Given the tremendously devastating effects and the difficulty of prevention, developing an accurate method to qualitatively and quantitively detect these two fungi provides an effective and economical management strategy. Traditional methods of isolation and biological assays have long operation cycles, poor time efficiency, and relatively low sensitivity, and immunological methods exhibit cross-reactivity, poor reproducibility, and cumbersome operation steps (Isaac, 1946; Skadow, 1966; Griffiths, 1971). Recently, quantitative real-time polymerase chain reaction (qPCR) assays have been widely implemented for pathogen load testing, with greatly improved sensitivity and shortened detection times (Pasche et al., 2013). However, quantification by qPCR depends on external standard curves, which are a major source of variability (Bustin et al., 2009). In practice, applicable reference standards are often not readily available except for the most common target analytes; furthermore, qPCR efficiency often varies within and between laboratories (Svec et al., 2015). Thus, a lack of standardization and relatively poor measurement precision limits its usefulness.

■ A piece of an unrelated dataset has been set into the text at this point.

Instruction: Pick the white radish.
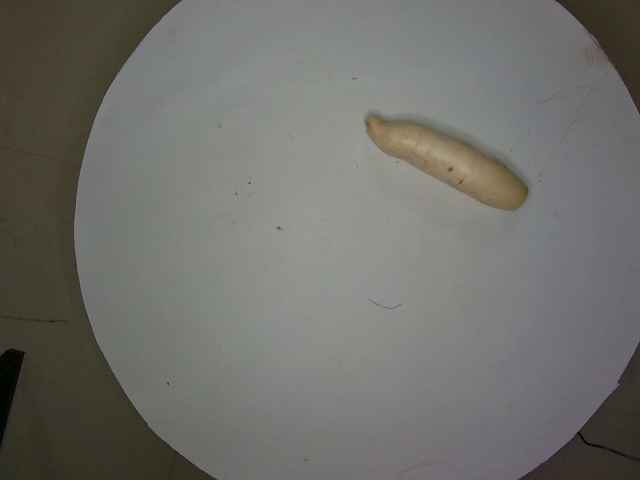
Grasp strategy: vertical

Digital polymerase chain reaction (dPCR) is an emerging technique that performs absolute quantification by counting nucleic acid molecules, providing a simple, standardized quantification strategy (Huggett et al., 2015). It has potentially unique advantages over qPCR, including absolute quantification in a “calibration-free” manner and robustness to variations in PCR efficiency (Sanders et al., 2011). Furthermore, sample partitioning enables dPCR to tolerate inhibitors and decreases background noise, thereby reducing false negatives (Alikian et al., 2017). Additionally, perhaps most importantly, dPCR is reported to improve accuracy and precision in quantification in comparison with qPCR (Pinheiro et al., 2012; Hindson et al., 2013). Therefore, digital PCR technique holds promise as a highly sensitive and accurate measurement method (Baker, 2012).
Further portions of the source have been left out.